• Input material
--- START ---
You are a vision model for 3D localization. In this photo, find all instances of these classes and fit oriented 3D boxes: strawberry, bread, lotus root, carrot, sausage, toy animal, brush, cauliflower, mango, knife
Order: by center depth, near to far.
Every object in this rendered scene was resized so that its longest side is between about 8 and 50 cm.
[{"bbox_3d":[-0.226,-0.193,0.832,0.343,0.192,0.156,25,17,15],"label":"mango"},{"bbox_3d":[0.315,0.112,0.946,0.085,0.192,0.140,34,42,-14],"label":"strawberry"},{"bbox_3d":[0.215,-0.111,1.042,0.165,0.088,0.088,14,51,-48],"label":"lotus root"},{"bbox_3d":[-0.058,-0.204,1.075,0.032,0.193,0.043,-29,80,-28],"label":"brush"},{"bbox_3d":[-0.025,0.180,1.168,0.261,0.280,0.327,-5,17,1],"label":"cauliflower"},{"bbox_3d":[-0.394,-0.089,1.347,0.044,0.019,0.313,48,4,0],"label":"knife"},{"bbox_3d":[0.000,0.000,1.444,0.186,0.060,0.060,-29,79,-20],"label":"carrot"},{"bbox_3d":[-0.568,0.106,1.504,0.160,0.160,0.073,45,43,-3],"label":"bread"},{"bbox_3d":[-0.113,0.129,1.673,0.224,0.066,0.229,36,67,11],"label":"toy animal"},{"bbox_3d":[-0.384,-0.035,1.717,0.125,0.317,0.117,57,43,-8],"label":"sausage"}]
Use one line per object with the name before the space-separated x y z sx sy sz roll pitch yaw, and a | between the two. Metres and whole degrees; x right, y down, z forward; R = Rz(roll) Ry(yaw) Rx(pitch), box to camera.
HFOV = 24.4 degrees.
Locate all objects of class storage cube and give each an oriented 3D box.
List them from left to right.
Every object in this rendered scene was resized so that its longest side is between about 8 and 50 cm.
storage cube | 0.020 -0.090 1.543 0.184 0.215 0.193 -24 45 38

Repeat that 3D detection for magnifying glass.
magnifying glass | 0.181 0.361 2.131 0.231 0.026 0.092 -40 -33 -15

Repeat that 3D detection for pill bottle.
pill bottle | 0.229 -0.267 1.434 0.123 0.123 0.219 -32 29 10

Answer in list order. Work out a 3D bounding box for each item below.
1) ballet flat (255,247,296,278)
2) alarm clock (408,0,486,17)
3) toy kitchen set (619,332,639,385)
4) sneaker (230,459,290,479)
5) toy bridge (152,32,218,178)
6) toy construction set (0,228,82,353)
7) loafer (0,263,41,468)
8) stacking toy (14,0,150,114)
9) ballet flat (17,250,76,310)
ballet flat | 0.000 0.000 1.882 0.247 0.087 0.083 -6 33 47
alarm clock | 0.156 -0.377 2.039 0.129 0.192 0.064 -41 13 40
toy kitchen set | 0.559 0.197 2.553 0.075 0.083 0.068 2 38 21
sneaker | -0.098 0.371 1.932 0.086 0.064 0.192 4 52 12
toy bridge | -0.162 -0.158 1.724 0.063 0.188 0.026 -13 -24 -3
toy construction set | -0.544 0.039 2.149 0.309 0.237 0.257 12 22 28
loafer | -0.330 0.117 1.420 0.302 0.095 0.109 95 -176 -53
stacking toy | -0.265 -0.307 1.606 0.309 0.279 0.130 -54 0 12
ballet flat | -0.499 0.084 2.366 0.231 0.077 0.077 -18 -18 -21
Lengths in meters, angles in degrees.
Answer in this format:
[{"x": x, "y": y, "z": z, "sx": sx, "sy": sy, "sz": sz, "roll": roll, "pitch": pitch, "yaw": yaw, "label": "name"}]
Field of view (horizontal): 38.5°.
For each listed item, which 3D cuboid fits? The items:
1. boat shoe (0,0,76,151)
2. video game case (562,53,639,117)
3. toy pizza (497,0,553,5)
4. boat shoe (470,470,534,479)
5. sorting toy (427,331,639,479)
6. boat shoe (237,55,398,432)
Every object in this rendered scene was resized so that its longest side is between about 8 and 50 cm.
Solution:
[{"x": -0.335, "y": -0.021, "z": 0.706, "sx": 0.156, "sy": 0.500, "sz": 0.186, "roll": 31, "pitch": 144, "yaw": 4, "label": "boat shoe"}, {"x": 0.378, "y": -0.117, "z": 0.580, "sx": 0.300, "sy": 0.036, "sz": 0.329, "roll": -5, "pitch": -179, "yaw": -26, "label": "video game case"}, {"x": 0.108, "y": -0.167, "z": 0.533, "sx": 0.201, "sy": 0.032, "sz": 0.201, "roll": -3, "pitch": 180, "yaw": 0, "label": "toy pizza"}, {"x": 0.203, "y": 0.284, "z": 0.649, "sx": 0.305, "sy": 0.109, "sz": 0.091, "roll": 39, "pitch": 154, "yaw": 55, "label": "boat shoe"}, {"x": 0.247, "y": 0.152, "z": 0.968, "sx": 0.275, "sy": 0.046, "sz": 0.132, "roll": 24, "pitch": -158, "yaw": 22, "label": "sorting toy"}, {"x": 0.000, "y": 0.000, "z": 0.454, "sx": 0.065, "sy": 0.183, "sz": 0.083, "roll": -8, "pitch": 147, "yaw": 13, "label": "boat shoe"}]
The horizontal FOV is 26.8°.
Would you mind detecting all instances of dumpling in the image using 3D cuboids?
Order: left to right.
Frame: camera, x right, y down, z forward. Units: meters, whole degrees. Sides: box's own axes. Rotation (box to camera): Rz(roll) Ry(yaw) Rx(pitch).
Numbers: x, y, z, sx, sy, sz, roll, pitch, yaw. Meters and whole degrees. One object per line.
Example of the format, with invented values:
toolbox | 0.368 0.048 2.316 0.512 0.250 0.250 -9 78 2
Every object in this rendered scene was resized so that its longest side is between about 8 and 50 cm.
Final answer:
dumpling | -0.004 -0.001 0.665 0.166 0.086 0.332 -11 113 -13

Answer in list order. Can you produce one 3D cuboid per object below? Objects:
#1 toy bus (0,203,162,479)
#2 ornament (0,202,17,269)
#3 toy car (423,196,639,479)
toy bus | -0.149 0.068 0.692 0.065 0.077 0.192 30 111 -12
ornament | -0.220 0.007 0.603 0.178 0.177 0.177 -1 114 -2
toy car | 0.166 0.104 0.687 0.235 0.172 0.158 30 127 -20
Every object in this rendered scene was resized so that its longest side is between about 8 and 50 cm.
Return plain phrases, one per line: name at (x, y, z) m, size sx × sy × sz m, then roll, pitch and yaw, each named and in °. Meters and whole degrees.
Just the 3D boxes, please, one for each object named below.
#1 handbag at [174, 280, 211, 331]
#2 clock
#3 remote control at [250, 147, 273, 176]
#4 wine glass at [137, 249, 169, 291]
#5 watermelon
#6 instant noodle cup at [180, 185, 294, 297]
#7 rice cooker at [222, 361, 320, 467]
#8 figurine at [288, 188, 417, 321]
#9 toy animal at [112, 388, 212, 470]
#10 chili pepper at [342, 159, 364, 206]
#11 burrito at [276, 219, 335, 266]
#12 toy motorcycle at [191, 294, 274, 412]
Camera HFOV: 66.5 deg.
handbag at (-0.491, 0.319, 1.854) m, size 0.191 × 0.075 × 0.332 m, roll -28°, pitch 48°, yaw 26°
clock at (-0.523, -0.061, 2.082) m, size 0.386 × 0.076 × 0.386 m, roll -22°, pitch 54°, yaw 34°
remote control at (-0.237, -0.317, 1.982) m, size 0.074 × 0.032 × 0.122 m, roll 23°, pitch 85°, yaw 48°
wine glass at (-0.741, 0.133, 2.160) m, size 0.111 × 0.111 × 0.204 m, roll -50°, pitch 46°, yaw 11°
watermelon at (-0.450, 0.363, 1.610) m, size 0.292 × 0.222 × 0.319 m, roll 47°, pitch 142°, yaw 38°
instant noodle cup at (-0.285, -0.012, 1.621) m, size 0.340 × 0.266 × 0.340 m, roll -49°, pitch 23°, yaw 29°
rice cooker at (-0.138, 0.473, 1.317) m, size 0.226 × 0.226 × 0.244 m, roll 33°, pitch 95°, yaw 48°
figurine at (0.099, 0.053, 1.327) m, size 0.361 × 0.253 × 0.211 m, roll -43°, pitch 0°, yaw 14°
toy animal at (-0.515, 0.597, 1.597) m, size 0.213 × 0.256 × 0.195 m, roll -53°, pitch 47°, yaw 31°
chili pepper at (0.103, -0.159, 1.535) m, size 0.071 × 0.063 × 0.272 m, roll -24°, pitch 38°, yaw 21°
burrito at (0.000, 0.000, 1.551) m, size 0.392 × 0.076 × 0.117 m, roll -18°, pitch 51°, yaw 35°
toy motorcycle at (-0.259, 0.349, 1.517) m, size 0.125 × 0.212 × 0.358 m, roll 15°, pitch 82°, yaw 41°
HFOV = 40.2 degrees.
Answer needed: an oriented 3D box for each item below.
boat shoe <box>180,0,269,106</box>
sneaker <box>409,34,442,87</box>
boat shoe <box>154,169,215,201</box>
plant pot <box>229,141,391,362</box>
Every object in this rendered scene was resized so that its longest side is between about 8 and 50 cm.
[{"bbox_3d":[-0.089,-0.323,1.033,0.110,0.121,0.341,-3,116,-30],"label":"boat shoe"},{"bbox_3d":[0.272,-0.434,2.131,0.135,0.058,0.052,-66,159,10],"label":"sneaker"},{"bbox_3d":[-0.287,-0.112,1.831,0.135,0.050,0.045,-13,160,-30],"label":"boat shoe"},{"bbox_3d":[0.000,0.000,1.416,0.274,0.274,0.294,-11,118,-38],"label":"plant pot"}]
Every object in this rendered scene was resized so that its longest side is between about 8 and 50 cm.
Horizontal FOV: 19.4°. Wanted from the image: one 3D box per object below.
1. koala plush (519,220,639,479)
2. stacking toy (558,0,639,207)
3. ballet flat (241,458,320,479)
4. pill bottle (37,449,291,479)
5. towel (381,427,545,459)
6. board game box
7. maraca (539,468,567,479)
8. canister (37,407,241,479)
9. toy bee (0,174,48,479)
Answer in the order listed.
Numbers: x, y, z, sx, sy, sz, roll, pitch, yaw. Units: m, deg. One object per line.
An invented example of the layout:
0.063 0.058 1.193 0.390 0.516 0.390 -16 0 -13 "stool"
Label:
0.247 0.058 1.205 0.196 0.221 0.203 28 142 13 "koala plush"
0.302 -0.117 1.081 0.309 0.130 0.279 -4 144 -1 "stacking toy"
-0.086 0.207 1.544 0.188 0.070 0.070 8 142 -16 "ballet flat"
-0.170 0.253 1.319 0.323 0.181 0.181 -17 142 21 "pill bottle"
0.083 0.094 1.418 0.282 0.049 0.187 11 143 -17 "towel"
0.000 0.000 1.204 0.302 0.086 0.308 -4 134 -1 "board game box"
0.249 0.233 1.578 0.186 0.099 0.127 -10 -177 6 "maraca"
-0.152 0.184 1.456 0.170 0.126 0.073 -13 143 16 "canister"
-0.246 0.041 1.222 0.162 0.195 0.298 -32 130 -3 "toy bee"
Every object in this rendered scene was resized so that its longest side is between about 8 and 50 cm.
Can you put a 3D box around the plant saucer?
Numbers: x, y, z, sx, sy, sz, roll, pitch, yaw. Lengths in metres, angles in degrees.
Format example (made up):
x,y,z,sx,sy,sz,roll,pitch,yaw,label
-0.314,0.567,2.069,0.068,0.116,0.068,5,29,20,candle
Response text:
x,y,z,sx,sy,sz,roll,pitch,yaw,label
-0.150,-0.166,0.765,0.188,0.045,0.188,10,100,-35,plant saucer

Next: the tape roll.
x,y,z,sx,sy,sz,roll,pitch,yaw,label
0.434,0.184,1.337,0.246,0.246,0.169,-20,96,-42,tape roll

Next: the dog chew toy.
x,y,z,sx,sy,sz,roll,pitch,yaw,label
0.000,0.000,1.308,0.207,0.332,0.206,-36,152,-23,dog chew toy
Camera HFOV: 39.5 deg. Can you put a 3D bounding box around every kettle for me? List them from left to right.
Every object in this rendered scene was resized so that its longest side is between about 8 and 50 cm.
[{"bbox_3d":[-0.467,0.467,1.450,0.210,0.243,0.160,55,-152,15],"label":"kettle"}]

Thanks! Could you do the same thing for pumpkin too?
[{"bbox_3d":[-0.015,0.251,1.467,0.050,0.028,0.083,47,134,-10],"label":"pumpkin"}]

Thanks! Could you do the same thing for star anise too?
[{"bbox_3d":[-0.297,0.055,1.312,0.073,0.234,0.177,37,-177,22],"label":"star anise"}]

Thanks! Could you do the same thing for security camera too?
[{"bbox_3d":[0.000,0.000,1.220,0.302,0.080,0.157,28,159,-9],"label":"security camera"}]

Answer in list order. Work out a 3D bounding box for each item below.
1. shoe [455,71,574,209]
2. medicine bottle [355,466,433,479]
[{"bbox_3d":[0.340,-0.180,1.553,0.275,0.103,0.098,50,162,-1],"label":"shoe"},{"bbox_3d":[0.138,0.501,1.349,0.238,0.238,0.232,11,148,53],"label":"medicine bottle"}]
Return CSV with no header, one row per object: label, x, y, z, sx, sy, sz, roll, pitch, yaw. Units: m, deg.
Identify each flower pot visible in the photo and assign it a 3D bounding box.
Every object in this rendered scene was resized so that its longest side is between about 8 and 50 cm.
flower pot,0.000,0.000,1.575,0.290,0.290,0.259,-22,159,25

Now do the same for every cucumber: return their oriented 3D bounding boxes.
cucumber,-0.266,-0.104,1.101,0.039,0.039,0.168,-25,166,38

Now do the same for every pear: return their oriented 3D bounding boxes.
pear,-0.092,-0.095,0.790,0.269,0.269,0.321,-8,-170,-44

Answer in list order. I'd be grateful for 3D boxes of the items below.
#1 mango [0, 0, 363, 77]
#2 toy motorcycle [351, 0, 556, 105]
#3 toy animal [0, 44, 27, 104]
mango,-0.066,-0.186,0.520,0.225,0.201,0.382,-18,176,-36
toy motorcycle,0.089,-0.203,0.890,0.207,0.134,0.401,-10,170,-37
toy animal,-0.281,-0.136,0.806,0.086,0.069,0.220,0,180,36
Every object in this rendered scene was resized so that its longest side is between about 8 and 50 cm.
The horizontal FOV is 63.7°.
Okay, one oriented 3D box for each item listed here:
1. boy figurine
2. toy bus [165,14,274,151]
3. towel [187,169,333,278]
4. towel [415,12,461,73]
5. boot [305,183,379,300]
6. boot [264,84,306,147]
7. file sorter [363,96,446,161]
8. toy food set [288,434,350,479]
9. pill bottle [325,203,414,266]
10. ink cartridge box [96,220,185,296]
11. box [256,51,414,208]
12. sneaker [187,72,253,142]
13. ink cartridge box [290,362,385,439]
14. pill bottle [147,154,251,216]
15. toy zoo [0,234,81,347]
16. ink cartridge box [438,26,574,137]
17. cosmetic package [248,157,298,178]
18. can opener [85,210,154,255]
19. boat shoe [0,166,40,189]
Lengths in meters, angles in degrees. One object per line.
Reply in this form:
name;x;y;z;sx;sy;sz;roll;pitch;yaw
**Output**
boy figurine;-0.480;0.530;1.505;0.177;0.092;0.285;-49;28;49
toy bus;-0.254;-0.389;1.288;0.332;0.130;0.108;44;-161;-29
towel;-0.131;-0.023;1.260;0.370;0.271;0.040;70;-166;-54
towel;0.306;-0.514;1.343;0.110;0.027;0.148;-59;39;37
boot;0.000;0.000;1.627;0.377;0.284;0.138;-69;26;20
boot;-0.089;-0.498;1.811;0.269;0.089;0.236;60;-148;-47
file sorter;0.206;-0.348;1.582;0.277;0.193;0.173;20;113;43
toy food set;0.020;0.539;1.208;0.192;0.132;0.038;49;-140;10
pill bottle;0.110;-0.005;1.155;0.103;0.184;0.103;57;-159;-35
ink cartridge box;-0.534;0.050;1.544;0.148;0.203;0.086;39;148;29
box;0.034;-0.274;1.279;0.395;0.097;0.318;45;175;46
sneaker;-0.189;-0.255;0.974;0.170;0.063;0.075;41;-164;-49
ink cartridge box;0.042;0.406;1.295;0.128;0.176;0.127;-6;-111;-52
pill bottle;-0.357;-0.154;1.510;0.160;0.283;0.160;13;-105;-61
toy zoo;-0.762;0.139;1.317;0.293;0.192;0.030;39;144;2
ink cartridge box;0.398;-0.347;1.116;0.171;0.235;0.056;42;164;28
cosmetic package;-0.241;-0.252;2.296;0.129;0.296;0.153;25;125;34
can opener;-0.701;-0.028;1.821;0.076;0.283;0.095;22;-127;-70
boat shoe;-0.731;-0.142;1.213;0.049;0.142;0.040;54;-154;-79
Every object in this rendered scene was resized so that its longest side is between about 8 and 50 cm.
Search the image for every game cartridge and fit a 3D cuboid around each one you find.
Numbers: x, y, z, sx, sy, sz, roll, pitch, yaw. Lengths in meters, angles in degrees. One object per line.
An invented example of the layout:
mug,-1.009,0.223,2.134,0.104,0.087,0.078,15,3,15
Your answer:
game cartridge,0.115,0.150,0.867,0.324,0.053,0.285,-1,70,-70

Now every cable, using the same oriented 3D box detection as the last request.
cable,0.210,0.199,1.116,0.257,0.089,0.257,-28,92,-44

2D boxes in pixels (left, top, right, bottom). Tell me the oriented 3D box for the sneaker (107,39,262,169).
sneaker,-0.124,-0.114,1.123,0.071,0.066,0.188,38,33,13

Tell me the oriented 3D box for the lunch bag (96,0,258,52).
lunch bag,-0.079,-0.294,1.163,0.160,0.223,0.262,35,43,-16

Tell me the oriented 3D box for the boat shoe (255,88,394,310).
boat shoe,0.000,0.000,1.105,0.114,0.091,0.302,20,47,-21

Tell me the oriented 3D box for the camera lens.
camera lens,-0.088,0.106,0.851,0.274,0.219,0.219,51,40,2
--- END ---
• Exercise
Wherever the word "angles" turns up in the records above, copy the line that holds it.

• Response to the exercise
Lengths in meters, angles in degrees.
Numbers: x, y, z, sx, sy, sz, roll, pitch, yaw. Lengths in metres, angles in degrees.
Lengths in meters, angles in degrees. One object per line.
Numbers: x, y, z, sx, sy, sz, roll, pitch, yaw. Lengths in meters, angles in degrees. One object per line.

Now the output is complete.